• How to complete this task: The result should be every line of the listing that contains "degrees".

[[ Dataset records open ]]

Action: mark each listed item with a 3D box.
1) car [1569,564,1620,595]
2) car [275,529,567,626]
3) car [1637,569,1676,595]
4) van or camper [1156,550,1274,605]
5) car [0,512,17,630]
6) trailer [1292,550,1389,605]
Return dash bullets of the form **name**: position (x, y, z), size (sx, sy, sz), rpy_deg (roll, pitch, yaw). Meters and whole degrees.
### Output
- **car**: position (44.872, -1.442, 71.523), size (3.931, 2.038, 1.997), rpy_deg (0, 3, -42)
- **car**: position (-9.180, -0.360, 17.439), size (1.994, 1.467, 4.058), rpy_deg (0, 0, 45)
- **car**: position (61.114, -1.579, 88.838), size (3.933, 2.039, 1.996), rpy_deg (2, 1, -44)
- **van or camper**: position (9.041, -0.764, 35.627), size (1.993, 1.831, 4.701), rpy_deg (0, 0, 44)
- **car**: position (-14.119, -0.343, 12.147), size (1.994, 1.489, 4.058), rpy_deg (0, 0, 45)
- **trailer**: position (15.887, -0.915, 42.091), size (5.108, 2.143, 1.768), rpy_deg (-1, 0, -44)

[[ Dataset records closed ]]
[[ Dataset records open ]]

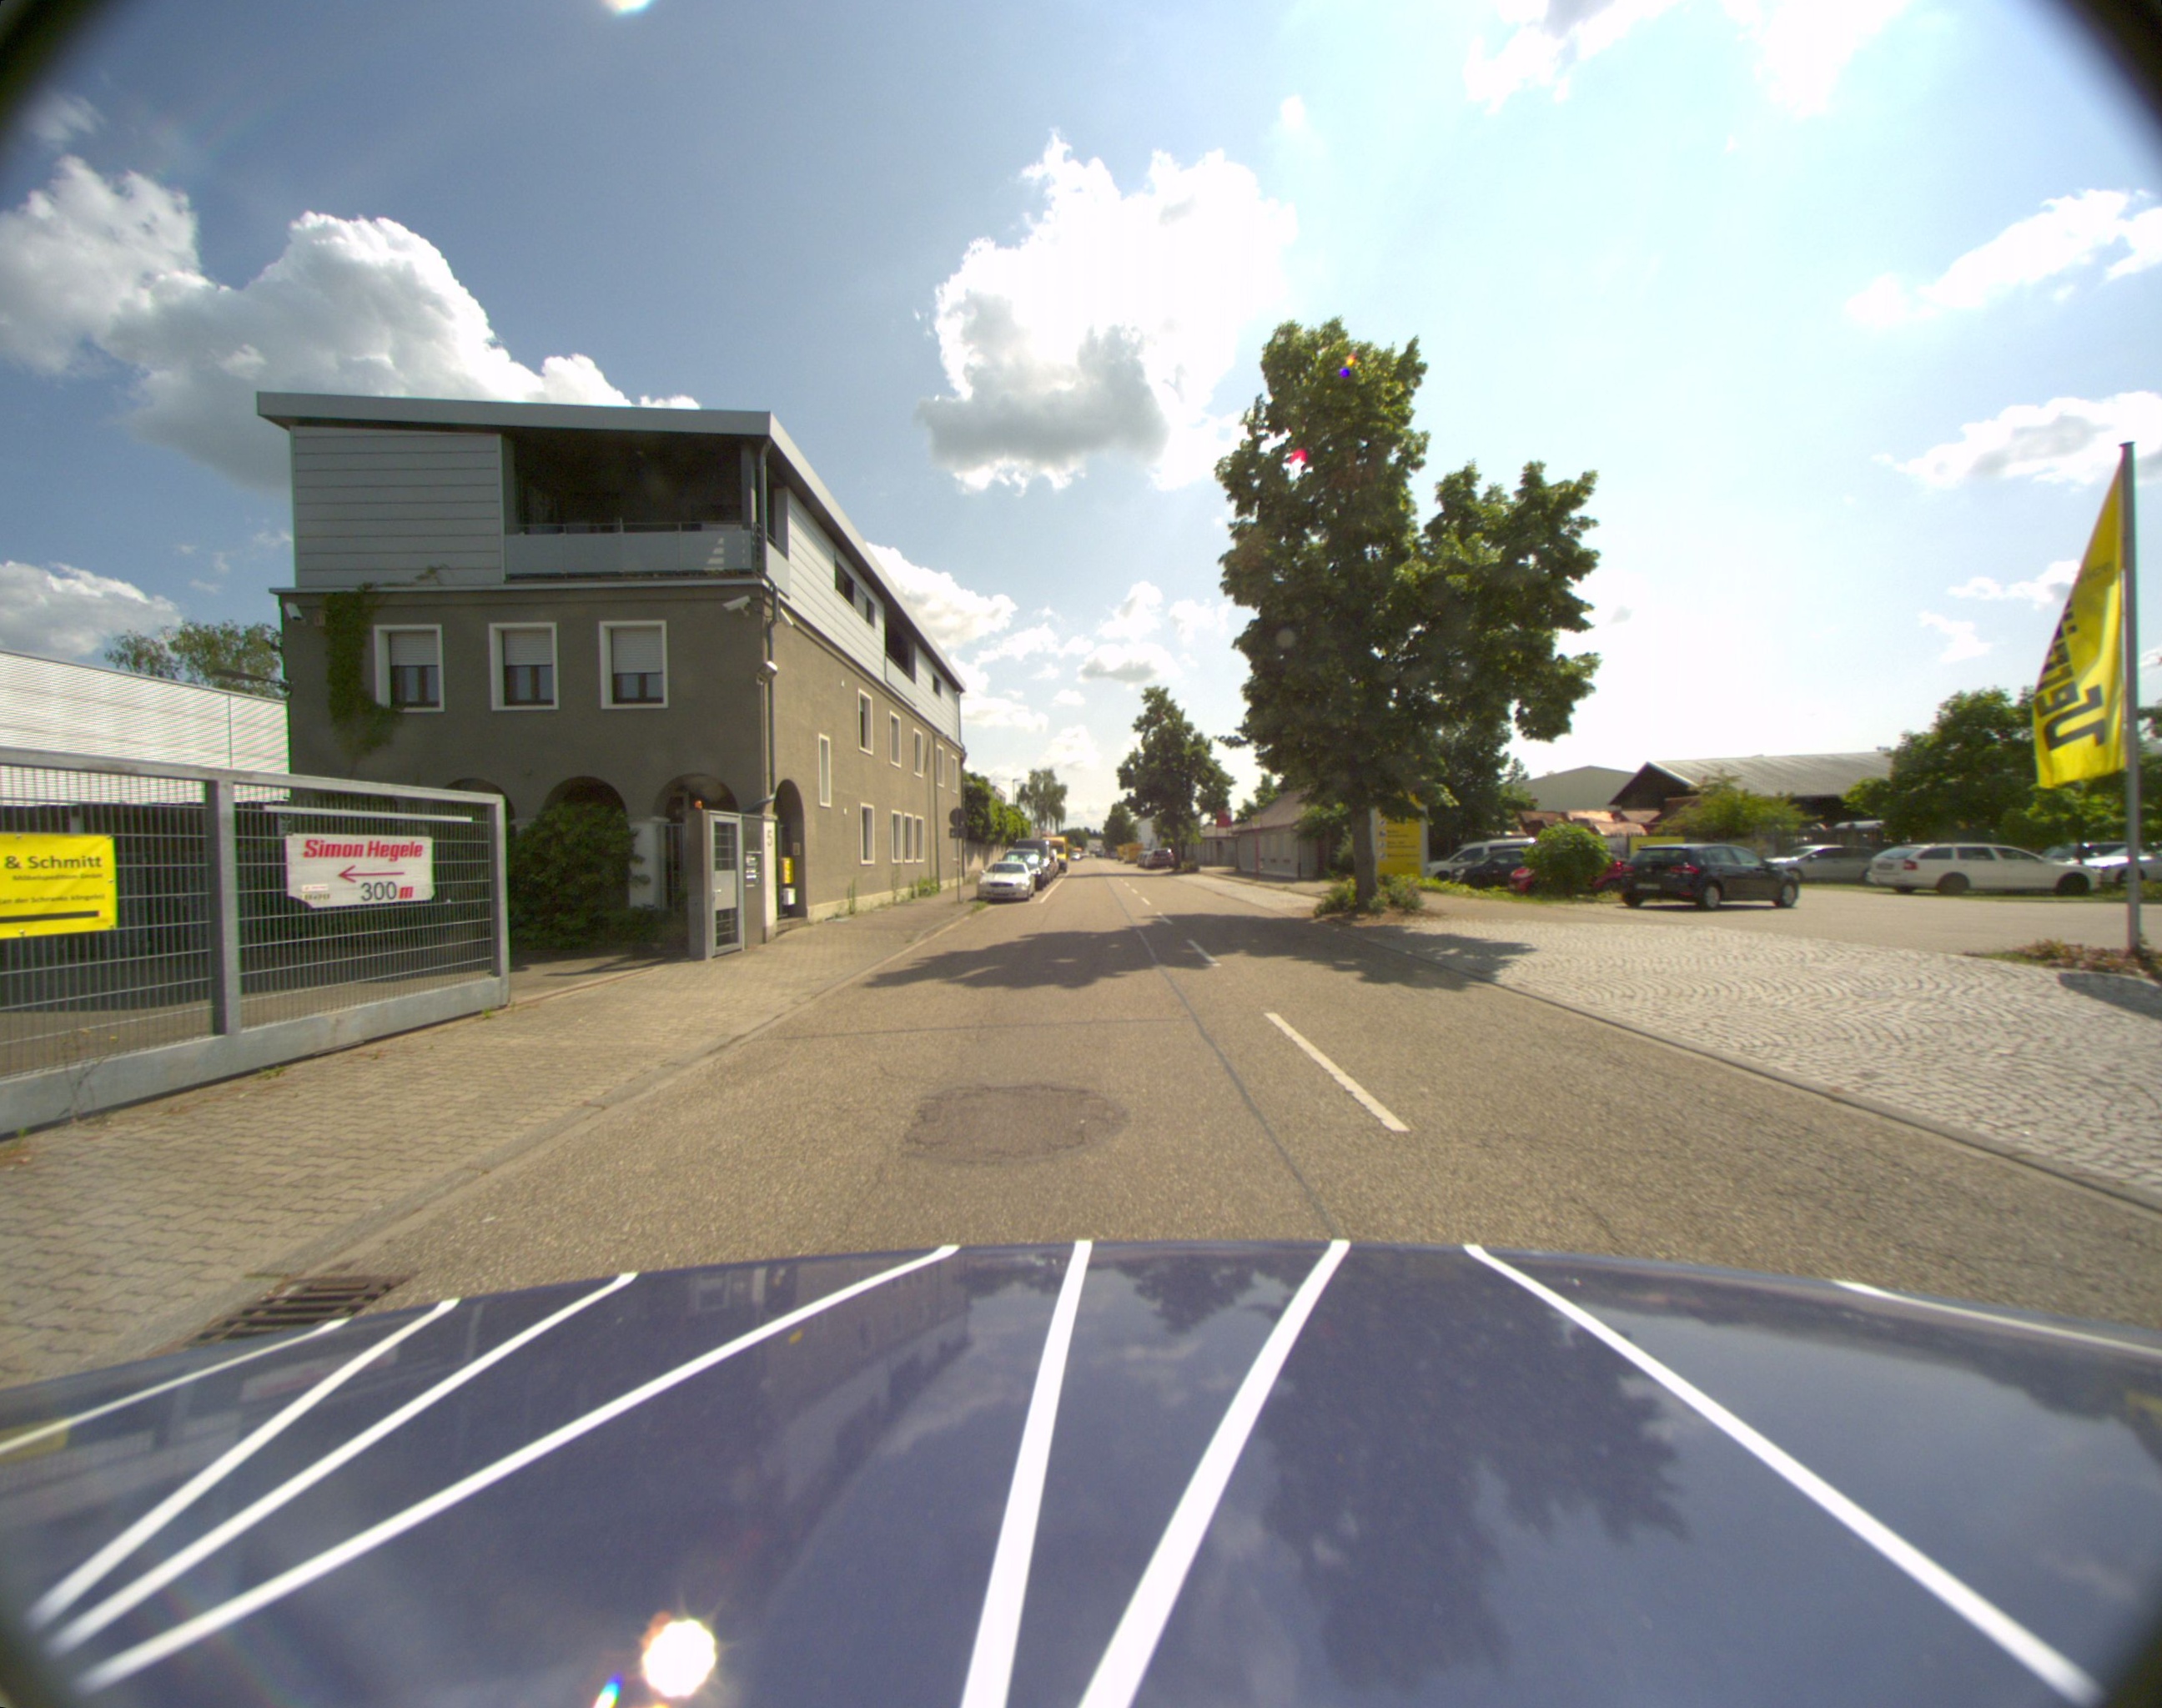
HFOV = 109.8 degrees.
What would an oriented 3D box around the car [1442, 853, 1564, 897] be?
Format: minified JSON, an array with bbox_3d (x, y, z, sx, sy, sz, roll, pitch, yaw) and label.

[[ Dataset records closed ]]

• Result of the exercise:
Return dash bullets of the form **name**: position (x, y, z), size (sx, sy, sz), rpy_deg (roll, pitch, yaw). Meters and whole degrees.
HFOV = 109.8 degrees.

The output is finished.